=== DESCRIPTION OF THE TASK ===
Leave out every line before the one that contains "22.9l-.1 .6a2.53 2.53". Please restate that line and the rest of the data word for word, through the end.

*** Opening RECORDED DATA ***

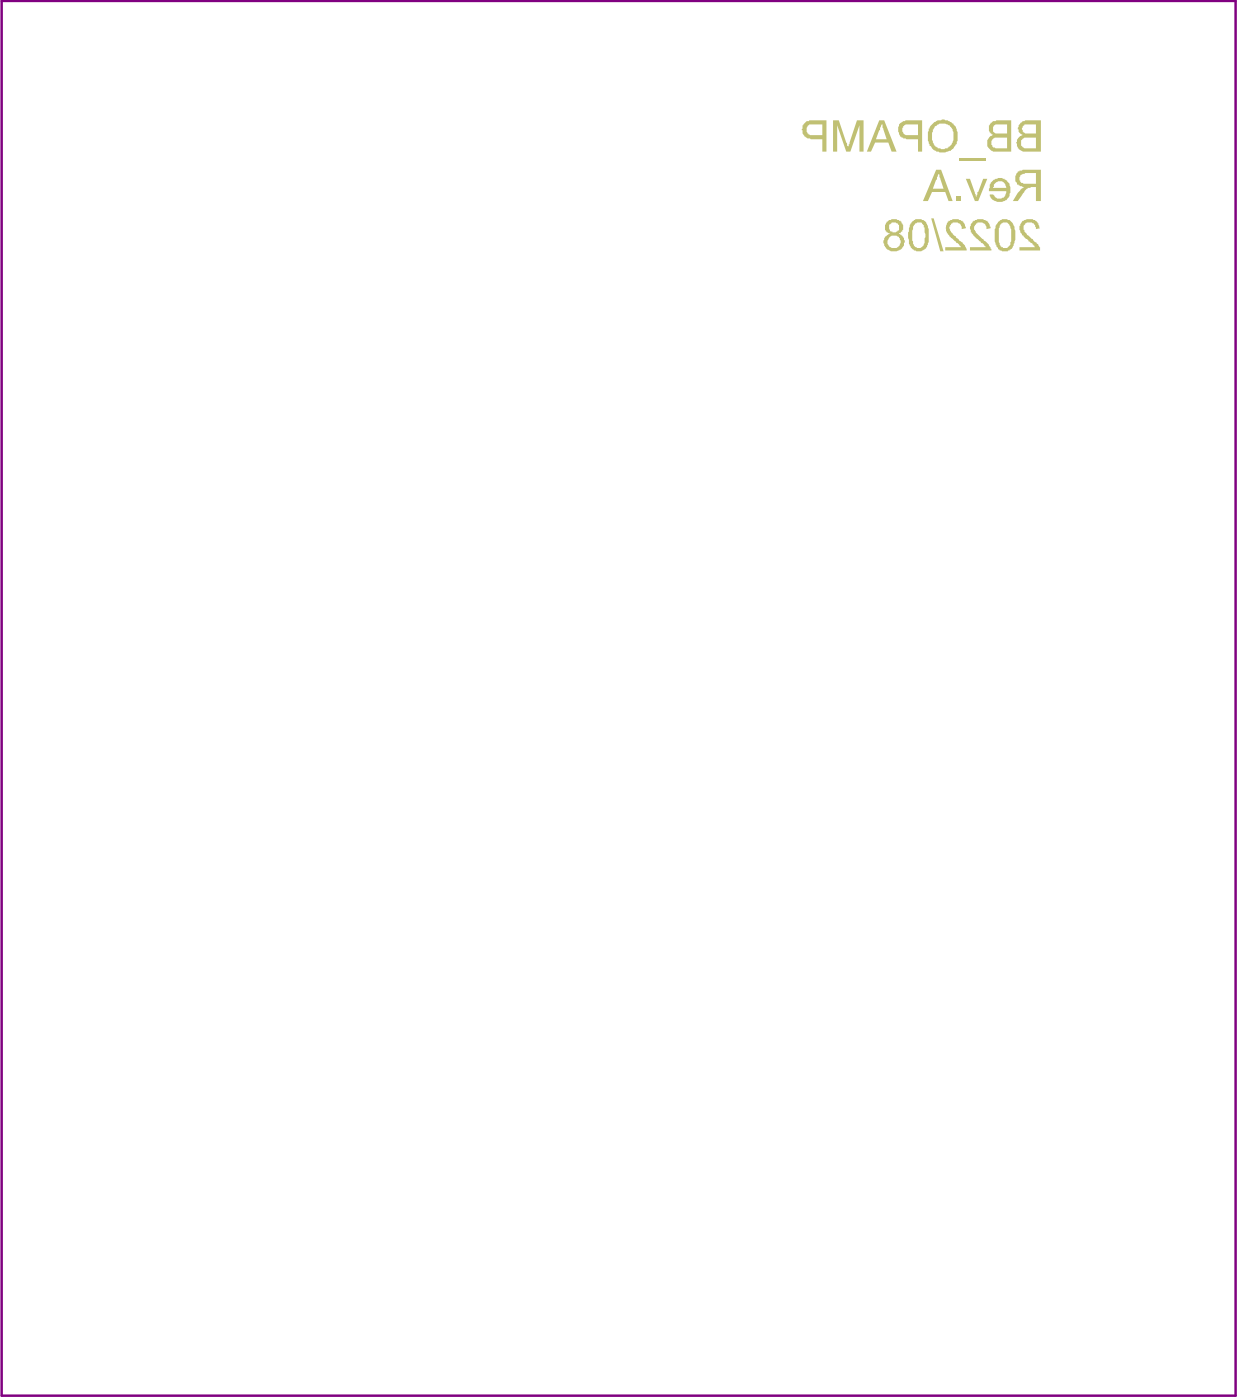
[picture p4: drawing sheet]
<svg xmlns="http://www.w3.org/2000/svg" width="127mm" height="144mm" viewBox="0 0 127 144" stroke-linecap="round" stroke-linejoin="round" font-family="sans-serif">
<path d="M.2 .1h126.5v143h-126.5z" fill="none" stroke="#800080" stroke-width=".25"/>
<g fill="#c0c073">
<path d="M104.6 12.6l-.3 .5v.2h.1a.58 .58 0 0 0 .4 .6h-.1a.9 .9 0 0 0-.4 1.1 .9 .9 0 0 0 1 .6h1.4v-3.3h-1.6zM104.8 12.9h.1a.44 .44 0 0 1 .6-.1h.7v.9h-.7a.6 .6 0 0 1-.8-.5zM104.7 14.4l.1-.1a.63 .63 0 0 1 .7-.2h.7v1.1h-.8a.54 .54 0 0 1-.5 0 .54 .54 0 0 1-.2-.6z"/>
<path d="M101.5 12.6v.1a.72 .72 0 0 0 0 .8l.3 .4a.89 .89 0 0 0-.6 .7 .89 .89 0 0 0 .4 .9l.2 .1h1.9v-3.3h-1.6l-.1 .1a.32 .32 0 0 0-.4 .2zM101.9 12.8h.1h1.2v.9h-.7a.47 .47 0 0 1-.7-.3zM101.7 14.3h.1a.63 .63 0 0 1 .7-.2h.7v1.1h-.8a.55 .55 0 0 1-.6-.2l-.2-.1z"/>
</g>
<path d="M98.3 16.4h2.7" fill="none" stroke="#c0c073" stroke-width=".25"/>
<g fill="#c0c073">
<path d="M85.4 12.3h.6l.9 2.8 .9-2.8h.7v3.3h-.4v-2.8l-.9 2.8h-.5l-.9-2.8v2.8h-.4z"/>
<path d="M99 18.3h.4l.7 1.9 .1-.5h.1l.5-1.4h.4l-.9 2.3h-.4z"/>
<path d="M98.1 20.2h.4v.4h-.4z"/>
<path d="M104.7 22.8a1.23 1.23 0 0 1 1.7 0l.2 .6-.4 .1a.65 .65 0 0 0-.5-.7 .65 .65 0 0 0-.8 .4l.1 .5 .3 .4 .5 .4 .6 .6 .1 .3h.1v.3h-2.1v-.3h1.6l-.3-.5a3.1 3.1 0 0 1-1.1-1l-.2-.3v-.4h.1z"/>
<path d="M99.7 22.7l.1-.1a1.27 1.27 0 0 1 1.3 0l.2 .1 .2 .5v.2l-.4 .1a.73 .73 0 0 0-.9-.7l-.2 .3a.41 .41 0 0 0 0 .6l.9 1a1.14 1.14 0 0 1 .6 .8h.1v.2h-2.2v-.3h1.6l-1-1.1a1.21 1.21 0 0 1-.6-1.1z"/>
<path d="M97.1 22.7l.2-.1a1.27 1.27 0 0 1 1.3 0l.1 .1 .2 .5h.1v.2l-.4 .1a.64 .64 0 0 0-.4-.7 .64 .64 0 0 0-.7 .2l-.1 .2h-.1l.1 .5 .7 .7a2.61 2.61 0 0 1 1 1.2v.1h-2.2v-.3h1.6l-.9-.9a1.33 1.33 0 0 1-.6-1.1h-.1z"/>
<path d="M95.4 22.4h.3l1 3.4h-.3z"/>
<path d="M95.4 12.9a2.54 2.54 0 0 0-.1 2.1h.1a1.46 1.46 0 0 0 .9 .6h.2a1.4 1.4 0 0 0 1.5-.8h.1a2.67 2.67 0 0 0-.2-1.9l-.2-.2a1.87 1.87 0 0 0-1.7-.3zM95.8 13a1.23 1.23 0 0 1 1.6-.1 1.66 1.66 0 0 1-.1 2.1l-.1 .1a1.07 1.07 0 0 1-1.2-.1h-.2a1.9 1.9 0 0 1-.1-1.8z"/>
<path d="M92.2 12.8l-.1 .4a.97 .97 0 0 0 .6 1l.2 .1h1.2v1.3h.4v-3.3h-1.7l-.4 .2zM92.6 12.9h.1a.55 .55 0 0 1 .6-.1h.8v1.1h-.8a.47 .47 0 0 1-.7-.4h-.1z"/>
<path d="M90.1 12.3l-1.2 3.3h.4l.4-1h1.4l.3 1h.5l-1.3-3.3zM90.4 12.7l.5 1.6h-1.1l.3-.9h.1v-.3z"/>
<path d="M82.3 12.8v.4l-.1 .1 .1 .1a.73 .73 0 0 0 .7 .8l.1 .1h1.2v1.3h.4v-3.3h-1.8v.1a.58 .58 0 0 0-.6 .4zM82.8 12.9a.63 .63 0 0 1 .6-.1h.9v1.1h-.9a.6 .6 0 0 1-.7-.6z"/>
<path d="M104.3 17.6l-.1 .2v.2h-.1a.87 .87 0 0 0 .1 .8v.1l.8 .3-.4 .2-.8 1.2h.5l.4-.7h.1a.87 .87 0 0 1 .5-.5v-.1h.3l.1-.1h.5v1.4h.5v-3.2h-1.9zM104.6 18l.5-.3h1.1v1.1h-.9a.56 .56 0 0 1-.6-.1l-.2-.2z"/>
<path d="M101.5 18.8l-.1 .8h1.7v.1a.7 .7 0 0 1-.5 .7 .7 .7 0 0 1-.8-.5h-.3a.93 .93 0 0 0 1.1 .8h.1a.85 .85 0 0 0 .7-.5 1.61 1.61 0 0 0 0-1.4 1.04 1.04 0 0 0-1.3-.5l-.2 .1zM101.9 18.9a.67 .67 0 0 1 .7-.3 .67 .67 0 0 1 .5 .7h-1.3l.1-.1z"/>
<path d="M96 17.4l-1.4 3.2h.5l.4-.9h1.4l.3 .9h.4l-1.1-3.2zM96.2 17.7l.5 1.7h-1.1l.4-1v-.2z"/>
<path d="M102.3 22.7l-.1 .2a2.7 2.7 0 0 0-.2 1.7 1.34 1.34 0 0 0 .7 1.2h.4a1.01 1.01 0 0 0 .9-1 2.09 2.09 0 0 0-.4-2.2 1.05 1.05 0 0 0-1.3 .1zM102.6 23a.58 .58 0 0 1 .6-.2 .58 .58 0 0 1 .4 .6l.1 .1a3.9 3.9 0 0 1-.2 1.7 .58 .58 0 0 1-1-.1l-.1-.3v-1a.87 .87 0 0 1 .2-.7z"/>
<path d="M93.3 22.9l-.1 .6a2.53 2.53 0 0 0 .2 1.9 .96 .96 0 0 0 1.6-.1v-.1a1.61 1.61 0 0 0 .2-1.2 1.27 1.27 0 0 0-.2-.9 .9 .9 0 0 0-1.5-.4zM93.7 23.1h.1a.49 .49 0 0 1 .5-.3 .49 .49 0 0 1 .4 .5h.1v.5l.1 .2-.1 .5a.87 .87 0 0 1-.2 .8 .59 .59 0 0 1-.7 .1 .59 .59 0 0 1-.3-.6l-.1-.1v-1z"/>
<path d="M90.9 22.7a.81 .81 0 0 0 .2 1.2l.1 .1a.87 .87 0 0 0-.6 .7 .87 .87 0 0 0 .3 .8 1.25 1.25 0 0 0 1.6-.1l.2-.3a.77 .77 0 0 0-.6-1.1 .7 .7 0 0 0 .4-1l-.1-.3-.2-.1a1.2 1.2 0 0 0-1.3 .1zM91.1 23.1l.1-.1a.57 .57 0 0 1 .7-.1 .57 .57 0 0 1 .3 .7l-.2 .1a.58 .58 0 0 1-.7 0 .58 .58 0 0 1-.2-.6zM91.1 24.3a.69 .69 0 0 1 .9-.1 .69 .69 0 0 1 .3 .7 .69 .69 0 0 1-.8 .5 .69 .69 0 0 1-.5-.7z"/>
</g>
</svg>

*** Closing RECORDED DATA ***

=== EXERCISE SOLUTION ===
<path d="M93.3 22.9l-.1 .6a2.53 2.53 0 0 0 .2 1.9 .96 .96 0 0 0 1.6-.1v-.1a1.61 1.61 0 0 0 .2-1.2 1.27 1.27 0 0 0-.2-.9 .9 .9 0 0 0-1.5-.4zM93.7 23.1h.1a.49 .49 0 0 1 .5-.3 .49 .49 0 0 1 .4 .5h.1v.5l.1 .2-.1 .5a.87 .87 0 0 1-.2 .8 .59 .59 0 0 1-.7 .1 .59 .59 0 0 1-.3-.6l-.1-.1v-1z"/>
<path d="M90.9 22.7a.81 .81 0 0 0 .2 1.2l.1 .1a.87 .87 0 0 0-.6 .7 .87 .87 0 0 0 .3 .8 1.25 1.25 0 0 0 1.6-.1l.2-.3a.77 .77 0 0 0-.6-1.1 .7 .7 0 0 0 .4-1l-.1-.3-.2-.1a1.2 1.2 0 0 0-1.3 .1zM91.1 23.1l.1-.1a.57 .57 0 0 1 .7-.1 .57 .57 0 0 1 .3 .7l-.2 .1a.58 .58 0 0 1-.7 0 .58 .58 0 0 1-.2-.6zM91.1 24.3a.69 .69 0 0 1 .9-.1 .69 .69 0 0 1 .3 .7 .69 .69 0 0 1-.8 .5 .69 .69 0 0 1-.5-.7z"/>
</g>
</svg>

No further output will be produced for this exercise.